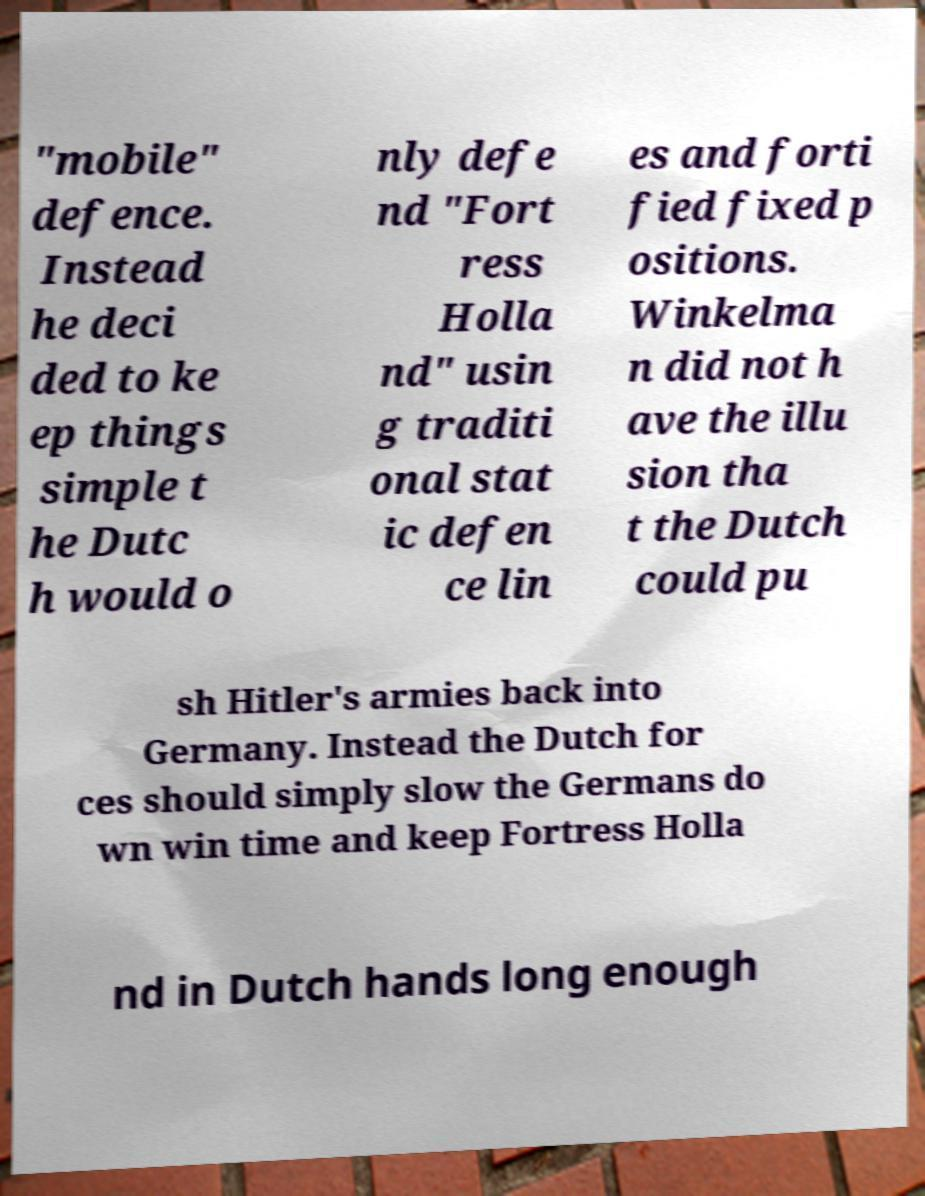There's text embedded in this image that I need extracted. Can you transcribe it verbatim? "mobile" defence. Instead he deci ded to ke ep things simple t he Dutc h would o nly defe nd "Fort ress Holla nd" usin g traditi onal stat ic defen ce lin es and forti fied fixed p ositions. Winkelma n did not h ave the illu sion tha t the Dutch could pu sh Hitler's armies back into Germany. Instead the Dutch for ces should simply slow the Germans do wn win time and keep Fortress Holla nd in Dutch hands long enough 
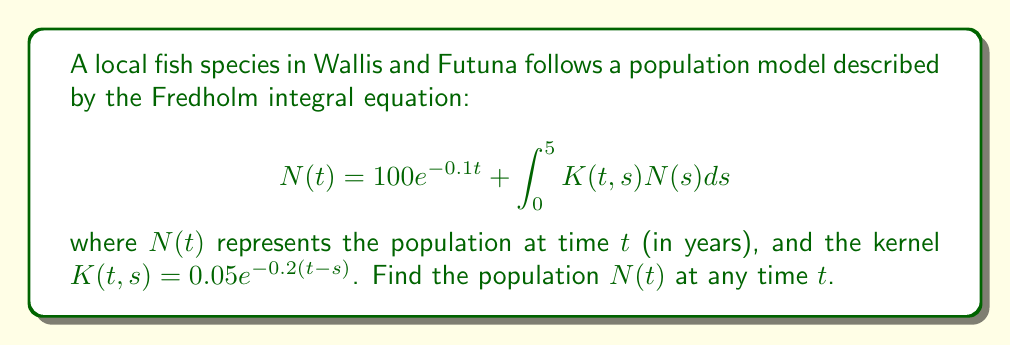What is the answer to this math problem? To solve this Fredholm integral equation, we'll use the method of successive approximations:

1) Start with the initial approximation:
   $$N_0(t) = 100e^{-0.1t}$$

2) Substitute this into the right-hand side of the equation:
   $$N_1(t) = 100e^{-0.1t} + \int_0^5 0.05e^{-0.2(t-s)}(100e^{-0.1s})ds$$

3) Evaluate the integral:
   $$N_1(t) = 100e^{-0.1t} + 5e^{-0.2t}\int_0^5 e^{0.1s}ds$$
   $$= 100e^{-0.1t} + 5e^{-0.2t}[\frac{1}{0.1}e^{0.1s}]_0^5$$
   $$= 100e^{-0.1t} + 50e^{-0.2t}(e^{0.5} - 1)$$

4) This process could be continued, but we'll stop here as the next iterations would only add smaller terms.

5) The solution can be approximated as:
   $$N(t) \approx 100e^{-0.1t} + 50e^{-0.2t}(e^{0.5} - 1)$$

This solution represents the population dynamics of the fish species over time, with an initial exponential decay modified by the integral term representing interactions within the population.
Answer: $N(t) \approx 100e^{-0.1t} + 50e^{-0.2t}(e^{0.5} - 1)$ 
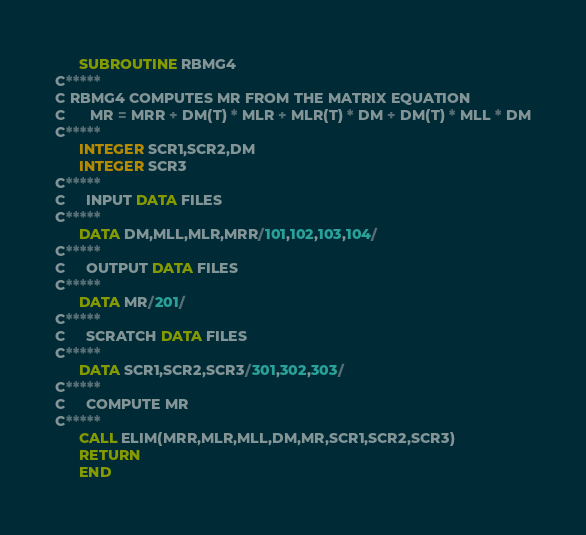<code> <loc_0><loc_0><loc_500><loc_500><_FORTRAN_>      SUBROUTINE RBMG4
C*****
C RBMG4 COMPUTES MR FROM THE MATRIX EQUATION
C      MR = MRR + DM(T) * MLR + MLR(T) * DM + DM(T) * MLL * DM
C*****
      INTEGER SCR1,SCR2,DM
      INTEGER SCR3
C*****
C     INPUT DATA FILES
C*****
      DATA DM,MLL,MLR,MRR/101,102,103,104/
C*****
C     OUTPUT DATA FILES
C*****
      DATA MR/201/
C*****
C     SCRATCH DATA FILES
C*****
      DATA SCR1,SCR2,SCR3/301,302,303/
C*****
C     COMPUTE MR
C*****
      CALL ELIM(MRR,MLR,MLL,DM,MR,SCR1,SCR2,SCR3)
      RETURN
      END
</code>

Required action:
The expected answer is the lines from the one that has "This solution represents" to the end of the listing, transcribed exactly, with pictures left out and no other line added.

Finished task:
This solution represents the population dynamics of the fish species over time, with an initial exponential decay modified by the integral term representing interactions within the population.
Answer: $N(t) \approx 100e^{-0.1t} + 50e^{-0.2t}(e^{0.5} - 1)$ 
<code> <loc_0><loc_0><loc_500><loc_500><_FORTRAN_>      SUBROUTINE RBMG4
C*****
C RBMG4 COMPUTES MR FROM THE MATRIX EQUATION
C      MR = MRR + DM(T) * MLR + MLR(T) * DM + DM(T) * MLL * DM
C*****
      INTEGER SCR1,SCR2,DM
      INTEGER SCR3
C*****
C     INPUT DATA FILES
C*****
      DATA DM,MLL,MLR,MRR/101,102,103,104/
C*****
C     OUTPUT DATA FILES
C*****
      DATA MR/201/
C*****
C     SCRATCH DATA FILES
C*****
      DATA SCR1,SCR2,SCR3/301,302,303/
C*****
C     COMPUTE MR
C*****
      CALL ELIM(MRR,MLR,MLL,DM,MR,SCR1,SCR2,SCR3)
      RETURN
      END
</code>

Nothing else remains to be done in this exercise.